The practical takeaway is that vapor pressure is not just a textbook value. It directly affects process energy, mass transfer rates, and control strategy. Even a modest pressure reduction can meaningfully shift evaporation kinetics and equilibrium outcomes in real equipment.
How to validate your calculated results
- Check whether your solution pressure is always lower than pure water at the same temperature.
- Confirm physical bounds: pressure must remain positive and below pure-water saturation pressure.
- At near-saturation NaCl, compare with roughly 75% RH equivalence.
- Run sensitivity checks by changing i, concentration, and temperature separately.
- Compare with measured data when available for your exact concentration range.
Authoritative references for deeper study
For high-confidence data and methods, consult these authoritative sources:
- NIST Chemistry WebBook (fluid and thermophysical data)
- NIST publication on humidity fixed points using saturated aqueous solutions
- University of Wisconsin educational resource on Raoult’s law
Final perspective
Calculating the vapor pressure of NaCl solutions becomes straightforward when you separate the task into two parts: obtain accurate pure-water saturation pressure at your temperature, then apply a realistic solution correction based on composition and model fidelity.
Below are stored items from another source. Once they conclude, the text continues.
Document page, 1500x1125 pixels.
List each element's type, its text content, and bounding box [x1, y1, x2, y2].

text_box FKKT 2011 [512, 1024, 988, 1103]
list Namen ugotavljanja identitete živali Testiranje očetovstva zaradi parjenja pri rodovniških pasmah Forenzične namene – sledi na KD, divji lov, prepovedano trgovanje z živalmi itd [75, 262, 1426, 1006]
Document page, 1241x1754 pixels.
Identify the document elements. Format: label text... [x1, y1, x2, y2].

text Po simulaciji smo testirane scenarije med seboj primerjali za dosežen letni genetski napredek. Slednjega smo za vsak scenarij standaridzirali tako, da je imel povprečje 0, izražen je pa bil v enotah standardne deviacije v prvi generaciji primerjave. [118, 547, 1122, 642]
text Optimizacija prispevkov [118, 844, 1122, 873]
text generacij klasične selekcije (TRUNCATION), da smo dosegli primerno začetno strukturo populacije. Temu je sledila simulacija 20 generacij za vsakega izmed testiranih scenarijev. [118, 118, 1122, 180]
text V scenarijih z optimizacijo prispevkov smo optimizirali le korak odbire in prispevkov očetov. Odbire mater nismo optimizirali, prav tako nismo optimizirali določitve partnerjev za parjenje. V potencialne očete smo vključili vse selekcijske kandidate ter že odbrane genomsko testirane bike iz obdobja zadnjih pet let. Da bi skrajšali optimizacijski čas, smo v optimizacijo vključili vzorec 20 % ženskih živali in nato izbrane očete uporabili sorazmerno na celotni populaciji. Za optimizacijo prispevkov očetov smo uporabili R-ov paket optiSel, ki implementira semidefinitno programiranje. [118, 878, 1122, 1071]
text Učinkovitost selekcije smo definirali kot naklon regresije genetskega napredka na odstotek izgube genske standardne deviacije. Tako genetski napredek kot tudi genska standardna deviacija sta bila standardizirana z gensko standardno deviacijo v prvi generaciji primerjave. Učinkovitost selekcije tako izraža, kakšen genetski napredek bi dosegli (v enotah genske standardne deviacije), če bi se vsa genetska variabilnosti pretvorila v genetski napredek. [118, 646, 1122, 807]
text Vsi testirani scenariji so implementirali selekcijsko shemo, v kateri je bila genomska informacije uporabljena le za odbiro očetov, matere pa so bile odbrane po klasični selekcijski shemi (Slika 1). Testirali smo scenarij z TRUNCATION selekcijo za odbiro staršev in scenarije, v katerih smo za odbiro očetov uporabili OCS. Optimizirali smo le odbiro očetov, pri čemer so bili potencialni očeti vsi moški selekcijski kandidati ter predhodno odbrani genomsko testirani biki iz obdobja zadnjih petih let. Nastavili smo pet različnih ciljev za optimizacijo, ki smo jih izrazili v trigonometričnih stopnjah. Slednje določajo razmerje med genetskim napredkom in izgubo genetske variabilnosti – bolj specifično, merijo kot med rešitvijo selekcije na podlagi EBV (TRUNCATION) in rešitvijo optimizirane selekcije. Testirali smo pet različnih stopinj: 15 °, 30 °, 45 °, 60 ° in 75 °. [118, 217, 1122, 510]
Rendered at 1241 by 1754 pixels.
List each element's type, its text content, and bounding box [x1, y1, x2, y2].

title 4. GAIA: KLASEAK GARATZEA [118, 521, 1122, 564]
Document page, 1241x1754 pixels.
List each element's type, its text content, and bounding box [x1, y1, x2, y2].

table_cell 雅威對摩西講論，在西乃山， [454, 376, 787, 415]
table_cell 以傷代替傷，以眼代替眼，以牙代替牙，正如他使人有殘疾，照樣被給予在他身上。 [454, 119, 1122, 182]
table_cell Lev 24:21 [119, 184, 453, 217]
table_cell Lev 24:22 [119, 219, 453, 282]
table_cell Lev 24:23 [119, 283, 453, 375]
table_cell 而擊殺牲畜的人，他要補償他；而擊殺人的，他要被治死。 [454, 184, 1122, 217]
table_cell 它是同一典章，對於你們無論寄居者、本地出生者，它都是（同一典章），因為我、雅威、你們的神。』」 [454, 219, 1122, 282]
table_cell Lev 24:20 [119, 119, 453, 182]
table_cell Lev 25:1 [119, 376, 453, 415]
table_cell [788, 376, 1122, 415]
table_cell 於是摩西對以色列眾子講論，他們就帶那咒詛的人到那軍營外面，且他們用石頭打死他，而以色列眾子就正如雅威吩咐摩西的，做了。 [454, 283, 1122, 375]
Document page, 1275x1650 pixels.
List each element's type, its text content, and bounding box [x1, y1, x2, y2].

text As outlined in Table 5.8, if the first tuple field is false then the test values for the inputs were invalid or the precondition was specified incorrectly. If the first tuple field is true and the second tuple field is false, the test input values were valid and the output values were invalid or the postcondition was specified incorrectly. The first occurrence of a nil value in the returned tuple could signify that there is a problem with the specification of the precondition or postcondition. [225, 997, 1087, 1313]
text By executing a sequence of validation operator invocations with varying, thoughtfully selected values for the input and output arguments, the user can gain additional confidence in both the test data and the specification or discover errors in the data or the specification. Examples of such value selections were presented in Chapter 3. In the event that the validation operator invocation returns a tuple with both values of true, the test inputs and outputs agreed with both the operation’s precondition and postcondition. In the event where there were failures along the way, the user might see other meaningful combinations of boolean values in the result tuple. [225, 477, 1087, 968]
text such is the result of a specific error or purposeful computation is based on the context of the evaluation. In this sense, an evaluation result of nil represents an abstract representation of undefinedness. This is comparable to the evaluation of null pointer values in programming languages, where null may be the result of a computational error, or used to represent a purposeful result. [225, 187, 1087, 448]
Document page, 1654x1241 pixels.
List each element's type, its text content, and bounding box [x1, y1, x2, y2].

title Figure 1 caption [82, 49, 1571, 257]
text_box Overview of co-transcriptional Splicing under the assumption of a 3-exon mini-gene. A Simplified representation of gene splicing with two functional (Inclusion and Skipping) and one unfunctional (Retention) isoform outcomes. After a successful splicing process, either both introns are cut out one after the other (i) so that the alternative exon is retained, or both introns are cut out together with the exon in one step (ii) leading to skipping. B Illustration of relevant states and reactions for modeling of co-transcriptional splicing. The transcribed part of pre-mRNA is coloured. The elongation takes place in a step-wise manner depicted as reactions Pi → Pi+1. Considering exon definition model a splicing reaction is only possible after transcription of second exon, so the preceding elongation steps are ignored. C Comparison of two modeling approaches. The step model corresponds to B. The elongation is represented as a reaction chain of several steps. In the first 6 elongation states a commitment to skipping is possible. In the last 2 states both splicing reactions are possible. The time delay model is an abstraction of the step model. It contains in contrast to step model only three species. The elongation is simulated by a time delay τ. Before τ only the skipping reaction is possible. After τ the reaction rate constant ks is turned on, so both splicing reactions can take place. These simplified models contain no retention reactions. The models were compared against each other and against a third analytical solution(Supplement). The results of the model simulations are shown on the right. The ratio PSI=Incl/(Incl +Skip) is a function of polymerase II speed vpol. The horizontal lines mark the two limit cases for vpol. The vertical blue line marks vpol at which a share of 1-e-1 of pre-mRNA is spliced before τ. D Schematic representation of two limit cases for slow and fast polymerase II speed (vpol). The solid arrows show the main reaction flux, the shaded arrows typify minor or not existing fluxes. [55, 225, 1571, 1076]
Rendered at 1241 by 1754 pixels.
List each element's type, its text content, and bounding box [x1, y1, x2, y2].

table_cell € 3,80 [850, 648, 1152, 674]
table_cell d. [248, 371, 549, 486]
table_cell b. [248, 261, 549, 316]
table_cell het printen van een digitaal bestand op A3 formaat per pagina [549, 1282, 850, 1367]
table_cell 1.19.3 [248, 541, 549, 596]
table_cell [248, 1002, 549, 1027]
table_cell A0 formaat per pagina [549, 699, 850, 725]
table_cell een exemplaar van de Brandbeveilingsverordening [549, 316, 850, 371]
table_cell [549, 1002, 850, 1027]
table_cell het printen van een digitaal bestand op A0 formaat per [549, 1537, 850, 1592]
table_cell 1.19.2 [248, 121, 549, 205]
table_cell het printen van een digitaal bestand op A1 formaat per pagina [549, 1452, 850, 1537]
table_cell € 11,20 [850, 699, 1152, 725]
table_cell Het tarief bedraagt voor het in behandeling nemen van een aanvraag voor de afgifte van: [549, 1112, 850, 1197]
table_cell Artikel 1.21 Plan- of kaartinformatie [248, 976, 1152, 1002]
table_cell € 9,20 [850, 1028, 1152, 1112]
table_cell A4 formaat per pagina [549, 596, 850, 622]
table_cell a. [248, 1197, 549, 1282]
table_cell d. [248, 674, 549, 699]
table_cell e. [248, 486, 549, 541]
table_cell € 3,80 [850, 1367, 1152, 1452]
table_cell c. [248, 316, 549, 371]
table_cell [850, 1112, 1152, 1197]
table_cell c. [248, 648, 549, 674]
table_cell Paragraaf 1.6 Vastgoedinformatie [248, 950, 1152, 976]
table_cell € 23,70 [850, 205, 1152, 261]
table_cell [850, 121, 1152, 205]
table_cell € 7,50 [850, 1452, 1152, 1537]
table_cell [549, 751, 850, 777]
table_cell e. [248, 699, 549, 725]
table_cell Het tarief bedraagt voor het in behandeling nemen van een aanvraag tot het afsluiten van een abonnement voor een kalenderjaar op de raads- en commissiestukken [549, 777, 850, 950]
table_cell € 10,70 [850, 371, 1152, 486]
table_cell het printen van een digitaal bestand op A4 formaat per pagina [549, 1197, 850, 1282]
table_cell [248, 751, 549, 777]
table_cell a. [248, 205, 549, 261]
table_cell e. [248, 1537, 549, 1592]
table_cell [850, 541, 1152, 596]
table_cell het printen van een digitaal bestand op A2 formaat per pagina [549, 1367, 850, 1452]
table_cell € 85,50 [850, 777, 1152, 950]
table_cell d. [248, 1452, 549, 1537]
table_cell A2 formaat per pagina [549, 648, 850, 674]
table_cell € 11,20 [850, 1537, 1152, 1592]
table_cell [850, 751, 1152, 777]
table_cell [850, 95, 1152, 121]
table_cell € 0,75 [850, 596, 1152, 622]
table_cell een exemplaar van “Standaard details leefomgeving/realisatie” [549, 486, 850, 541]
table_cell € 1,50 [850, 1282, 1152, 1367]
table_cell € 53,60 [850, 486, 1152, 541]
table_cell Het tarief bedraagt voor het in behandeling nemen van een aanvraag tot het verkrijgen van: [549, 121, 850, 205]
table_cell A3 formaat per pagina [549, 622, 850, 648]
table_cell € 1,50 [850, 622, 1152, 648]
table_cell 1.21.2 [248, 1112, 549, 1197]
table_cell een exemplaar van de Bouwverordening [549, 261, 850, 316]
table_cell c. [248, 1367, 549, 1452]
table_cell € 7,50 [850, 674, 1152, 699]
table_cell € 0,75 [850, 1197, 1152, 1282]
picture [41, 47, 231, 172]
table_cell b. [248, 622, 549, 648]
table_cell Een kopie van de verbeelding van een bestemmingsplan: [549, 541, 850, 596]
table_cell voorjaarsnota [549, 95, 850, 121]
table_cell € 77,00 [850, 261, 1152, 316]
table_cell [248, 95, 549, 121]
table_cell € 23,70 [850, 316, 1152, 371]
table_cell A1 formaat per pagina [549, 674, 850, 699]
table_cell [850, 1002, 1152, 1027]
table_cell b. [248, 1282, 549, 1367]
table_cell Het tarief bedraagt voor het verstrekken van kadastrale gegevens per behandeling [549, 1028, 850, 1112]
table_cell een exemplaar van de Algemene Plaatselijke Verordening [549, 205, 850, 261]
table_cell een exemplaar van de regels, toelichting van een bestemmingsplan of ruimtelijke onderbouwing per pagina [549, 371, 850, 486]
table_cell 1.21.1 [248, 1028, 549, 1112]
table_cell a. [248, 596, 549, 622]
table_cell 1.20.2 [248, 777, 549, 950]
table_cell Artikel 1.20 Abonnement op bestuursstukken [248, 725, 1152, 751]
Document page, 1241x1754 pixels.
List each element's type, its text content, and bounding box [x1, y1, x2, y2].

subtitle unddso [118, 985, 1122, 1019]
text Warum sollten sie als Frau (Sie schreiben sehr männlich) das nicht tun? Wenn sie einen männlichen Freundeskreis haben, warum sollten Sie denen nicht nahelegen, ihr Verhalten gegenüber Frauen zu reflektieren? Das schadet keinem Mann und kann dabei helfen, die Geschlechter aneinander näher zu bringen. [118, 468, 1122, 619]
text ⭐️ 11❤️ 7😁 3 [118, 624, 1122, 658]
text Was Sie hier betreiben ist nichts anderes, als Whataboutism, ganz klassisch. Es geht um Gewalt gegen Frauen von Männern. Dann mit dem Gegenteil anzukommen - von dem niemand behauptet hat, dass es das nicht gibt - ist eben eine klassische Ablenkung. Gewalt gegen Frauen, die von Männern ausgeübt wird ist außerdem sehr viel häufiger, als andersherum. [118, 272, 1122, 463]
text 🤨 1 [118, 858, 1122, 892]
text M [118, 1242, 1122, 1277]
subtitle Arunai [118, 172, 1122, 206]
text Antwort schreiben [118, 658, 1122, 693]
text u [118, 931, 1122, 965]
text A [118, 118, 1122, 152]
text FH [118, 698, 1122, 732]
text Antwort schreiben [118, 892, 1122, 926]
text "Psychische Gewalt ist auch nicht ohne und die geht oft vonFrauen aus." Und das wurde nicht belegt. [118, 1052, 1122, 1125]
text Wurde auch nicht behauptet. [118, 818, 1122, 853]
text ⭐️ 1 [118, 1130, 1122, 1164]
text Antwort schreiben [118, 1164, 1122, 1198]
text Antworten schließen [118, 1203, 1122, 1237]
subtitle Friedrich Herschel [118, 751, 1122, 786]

For quick work, idealized Raoult-based estimates are useful. For concentrated brines and professional design decisions, activity-based methods and validated data are better. Use the calculator as a fast computational tool, then anchor your interpretation with trusted reference data and physical constraints.
Educational scope note: this calculator is designed for rapid engineering estimates in the 1 to 100 °C range where Antoine water correlation is commonly used. Extremely concentrated, mixed-electrolyte, or high-pressure systems may require advanced electrolyte thermodynamic packages.